In this earthly life, in our present state of fallen nature where our tendencies have been disordered – seeking and pursuing our happiness in our self-worth, bodily fitness,  pleasures and comforts, and the best possible life the world can offer – we cannot love God with our whole mind, heart, soul and strength (Lk. 10.27) without suffering: without scraping off from our hearts all the hardened dross that has accumulated since the dawn of reason and which blocked the full reign of the Beloved Who does not tolerate half-measures: I would thou wert cold or hot. But because thou art lukewarm, and neither cold, nor hot, I will begin to vomit thee out of My mouth (Apoc. 3.15,16; cf., also our post “The Ultimate Delusion of Vatican II ‘Catholicism’”). Therefore, “O my God, I choose everything. I do not want to be a saint by halves. I am not afraid to suffer for You,” says our dear “Little Therese”.

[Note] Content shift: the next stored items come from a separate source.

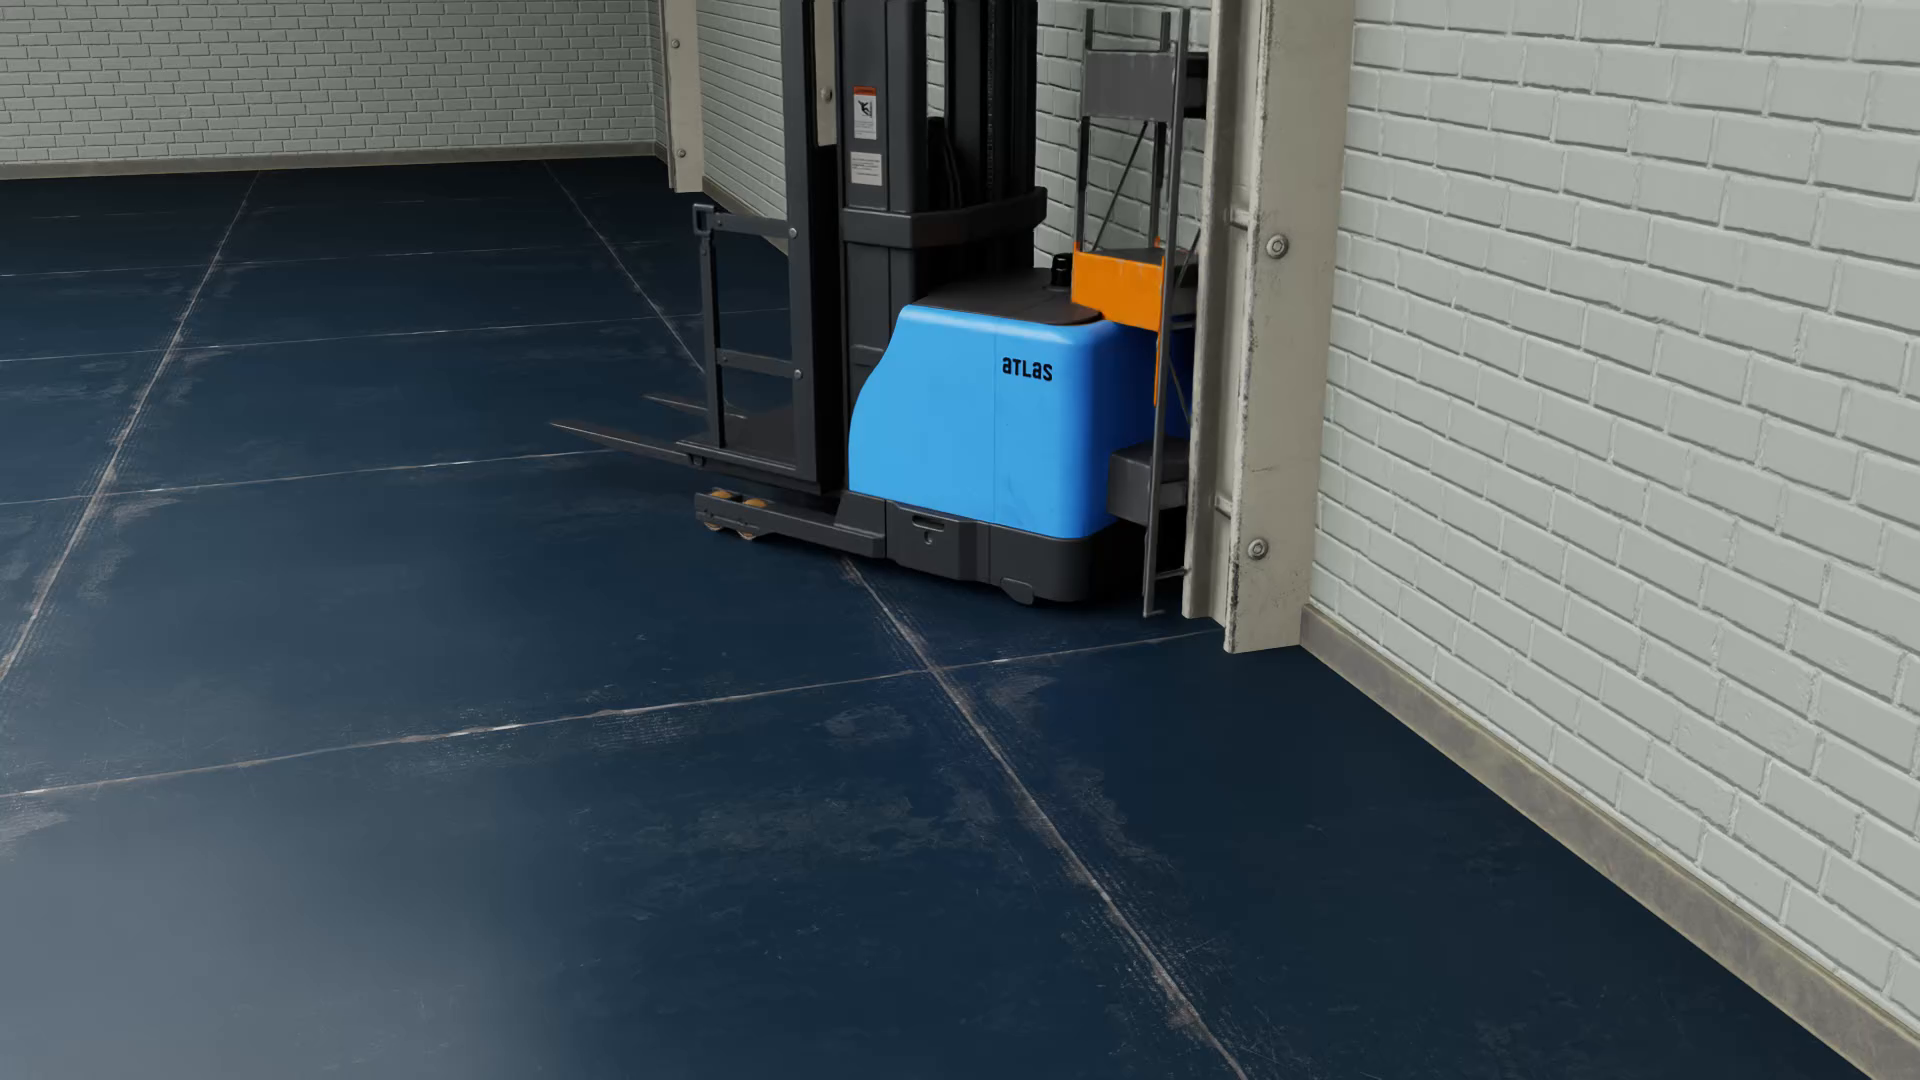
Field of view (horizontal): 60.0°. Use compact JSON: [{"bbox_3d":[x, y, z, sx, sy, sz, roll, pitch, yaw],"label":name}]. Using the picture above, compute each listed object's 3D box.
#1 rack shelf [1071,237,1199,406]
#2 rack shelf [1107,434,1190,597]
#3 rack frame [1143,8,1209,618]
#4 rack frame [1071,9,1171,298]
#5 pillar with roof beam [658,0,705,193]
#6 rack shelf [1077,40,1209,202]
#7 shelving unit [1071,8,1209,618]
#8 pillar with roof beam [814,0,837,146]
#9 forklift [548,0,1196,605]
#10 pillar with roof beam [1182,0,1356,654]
[{"bbox_3d":[0.713,-0.803,6.024,0.431,0.518,0.480,-10,20,-35],"label":"rack shelf"},{"bbox_3d":[0.695,-0.132,6.225,0.431,0.518,0.480,-10,20,-35],"label":"rack shelf"},{"bbox_3d":[0.856,-0.756,5.832,0.400,2.100,0.015,-10,20,-35],"label":"rack frame"},{"bbox_3d":[0.570,-0.876,6.209,0.400,2.100,0.015,-10,20,-35],"label":"rack frame"},{"bbox_3d":[-6.831,-7.311,13.958,9.100,9.000,0.400,-6,21,-17],"label":"pillar with roof beam"},{"bbox_3d":[0.731,-1.474,5.824,0.431,0.518,0.480,-10,20,-35],"label":"rack shelf"},{"bbox_3d":[0.713,-0.816,6.021,0.431,2.100,0.503,-10,20,-35],"label":"shelving unit"},{"bbox_3d":[-4.945,-5.385,8.597,9.100,9.000,0.400,-6,21,-17],"label":"pillar with roof beam"},{"bbox_3d":[-0.506,-1.512,6.791,3.031,2.935,1.130,14,24,33],"label":"forklift"},{"bbox_3d":[-3.059,-3.460,3.236,9.100,9.000,0.400,-6,21,-17],"label":"pillar with roof beam"}]

The Cross is suffering viewed in the supernatural light of faith as an instrument of salvation and sanctification, and therefore, as an instrument of love. Seen in this light, the Cross is certainly worthy of love; it is the outstanding means of our sanctification. Our union with God cannot be accomplished except through suffering. Now, friendship is the union, the blending of two souls into one: “One heart and one soul… the same likes and dislikes” (“Cor unum et anima una… unum velle, unum nolle”). Thus our friendship with God is a perfect union of all our faculties with Him; a union of our mind that subordinates our reason to Reason by patterning our thoughts after those of God – conforming our way of thinking to the traditional teachings of the Catholic Church and not to the novelties of a counterfeit ‘Catholicism’ which are in line with the principles of Masonic ‘Enlightenment’ (“liberty, equality, fraternity or brotherhood” and the unending ecumenical search for truth and meaning), the counterfeit ‘Christianity’ [the religious revolt of the 16th century: 'Protestantism', cf. our post "The Great Sign in Heaven"] of the Synagogue (service of one’s personal judgment, service of opinion: “FOR ME…”), and the maxims of the world (“My way”); a union of our will that causes us to embrace the divine will – which manifests itself through the Commandments of God and Laws of the Church, the will of our legitimate superiors (as long as it is not evil, not contrary to the Commandments of God and His irrevocable decrees, cf. our post "Obey God, rather than men," not contrary to Catholic Faith and Morals), our "duty of the present moment", all that affects the body (in health or sickness), and all that affects the soul (whether it be of joy or tribulation, of long or brief duration) – as our very own, a union of heart that prompts us to give ourselves to God as He has given Himself to us, My Beloved to me and I to him (Cant. 2.16); a union of activities that causes us to seek first and foremost the interests of Our Lord Jesus Christ and His Church.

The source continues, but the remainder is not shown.